§ Instructions for the task: Write out exactly the lines below that run from the one containing "5. car (200,91,238,102)" through the one containing "hammer at (0.769, 0.129, 2.388)", both included, with no other lines.

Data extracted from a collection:
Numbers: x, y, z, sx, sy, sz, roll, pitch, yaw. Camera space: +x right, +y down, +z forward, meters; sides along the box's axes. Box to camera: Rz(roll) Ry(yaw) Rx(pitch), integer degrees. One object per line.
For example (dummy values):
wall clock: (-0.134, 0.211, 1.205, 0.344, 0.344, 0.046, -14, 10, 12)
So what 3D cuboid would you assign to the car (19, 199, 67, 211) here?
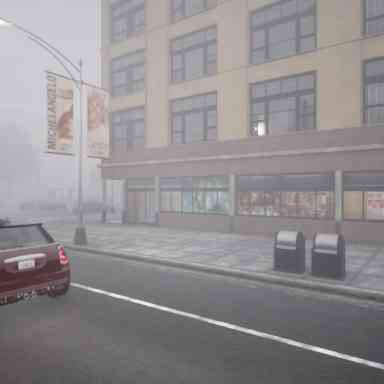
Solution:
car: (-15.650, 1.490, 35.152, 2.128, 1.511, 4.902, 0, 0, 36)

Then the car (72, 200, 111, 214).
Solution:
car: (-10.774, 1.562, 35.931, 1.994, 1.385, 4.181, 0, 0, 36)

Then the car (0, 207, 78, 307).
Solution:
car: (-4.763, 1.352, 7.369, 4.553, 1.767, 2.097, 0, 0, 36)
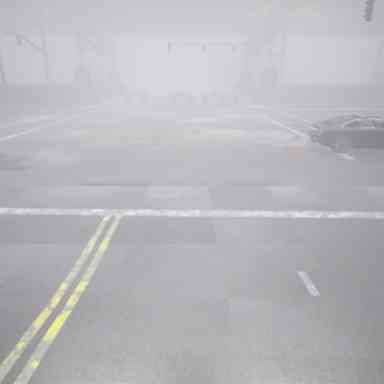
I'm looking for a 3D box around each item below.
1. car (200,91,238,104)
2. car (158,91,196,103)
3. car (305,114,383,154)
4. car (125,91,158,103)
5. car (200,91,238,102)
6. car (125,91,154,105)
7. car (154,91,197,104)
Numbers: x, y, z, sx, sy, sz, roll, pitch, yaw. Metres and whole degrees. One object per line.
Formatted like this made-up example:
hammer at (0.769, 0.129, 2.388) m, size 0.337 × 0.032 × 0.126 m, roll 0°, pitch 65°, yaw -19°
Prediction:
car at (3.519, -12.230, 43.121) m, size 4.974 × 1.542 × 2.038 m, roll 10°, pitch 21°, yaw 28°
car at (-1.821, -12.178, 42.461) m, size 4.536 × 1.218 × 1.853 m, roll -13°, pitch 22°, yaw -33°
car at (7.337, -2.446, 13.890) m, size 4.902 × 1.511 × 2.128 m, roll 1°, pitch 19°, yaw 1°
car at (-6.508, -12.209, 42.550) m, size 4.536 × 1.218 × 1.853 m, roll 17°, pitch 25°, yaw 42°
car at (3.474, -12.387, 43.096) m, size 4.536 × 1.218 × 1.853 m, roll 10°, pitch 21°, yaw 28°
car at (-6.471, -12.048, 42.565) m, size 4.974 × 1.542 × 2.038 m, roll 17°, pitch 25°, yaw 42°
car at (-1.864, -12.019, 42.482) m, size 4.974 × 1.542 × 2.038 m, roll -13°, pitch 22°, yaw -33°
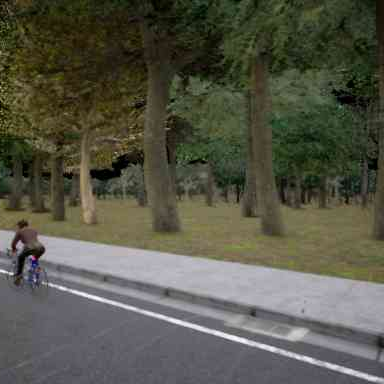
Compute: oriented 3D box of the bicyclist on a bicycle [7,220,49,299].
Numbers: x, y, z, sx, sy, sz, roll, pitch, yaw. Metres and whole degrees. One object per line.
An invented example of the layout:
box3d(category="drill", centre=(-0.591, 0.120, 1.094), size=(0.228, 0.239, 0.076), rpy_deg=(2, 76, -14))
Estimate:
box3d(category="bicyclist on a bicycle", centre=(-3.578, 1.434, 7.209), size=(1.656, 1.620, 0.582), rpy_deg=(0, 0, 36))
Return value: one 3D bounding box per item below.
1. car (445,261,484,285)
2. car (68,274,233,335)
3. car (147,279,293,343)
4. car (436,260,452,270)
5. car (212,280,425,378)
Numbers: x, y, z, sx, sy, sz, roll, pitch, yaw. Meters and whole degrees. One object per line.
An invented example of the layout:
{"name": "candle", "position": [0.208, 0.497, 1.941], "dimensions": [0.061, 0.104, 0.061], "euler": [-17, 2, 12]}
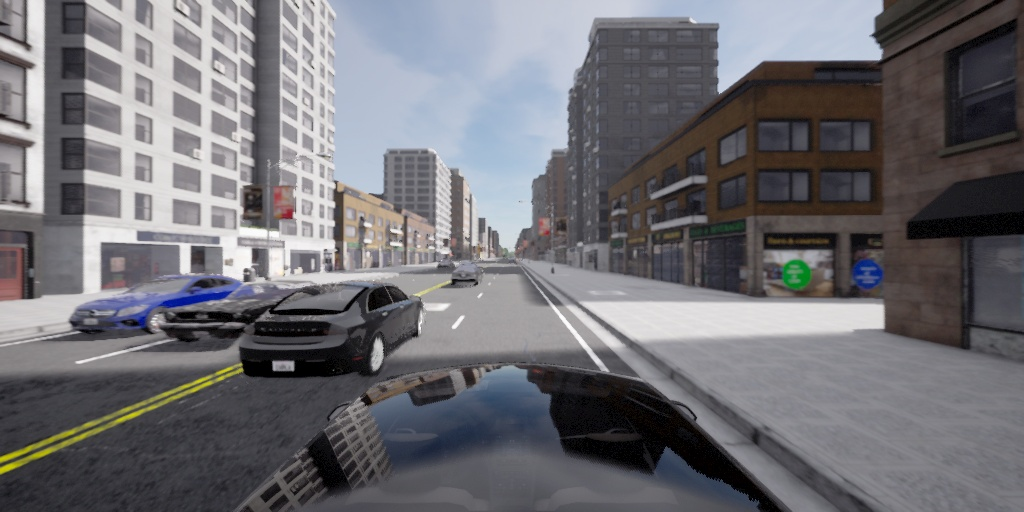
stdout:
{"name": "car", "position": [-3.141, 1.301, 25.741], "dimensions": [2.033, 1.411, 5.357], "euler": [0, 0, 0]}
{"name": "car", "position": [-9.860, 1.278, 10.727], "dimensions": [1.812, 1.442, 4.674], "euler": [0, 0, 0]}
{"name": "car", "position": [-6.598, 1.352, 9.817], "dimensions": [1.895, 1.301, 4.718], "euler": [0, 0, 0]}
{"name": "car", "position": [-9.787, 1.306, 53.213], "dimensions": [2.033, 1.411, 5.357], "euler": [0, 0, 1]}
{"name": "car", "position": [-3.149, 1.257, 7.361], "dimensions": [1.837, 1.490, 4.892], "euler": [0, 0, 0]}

§ Problem solution:
5. car (200,91,238,102)
6. car (125,91,154,105)
7. car (154,91,197,104)
Numbers: x, y, z, sx, sy, sz, roll, pitch, yaw. Metres and whole degrees. One object per line.
Formatted like this made-up example:
hammer at (0.769, 0.129, 2.388) m, size 0.337 × 0.032 × 0.126 m, roll 0°, pitch 65°, yaw -19°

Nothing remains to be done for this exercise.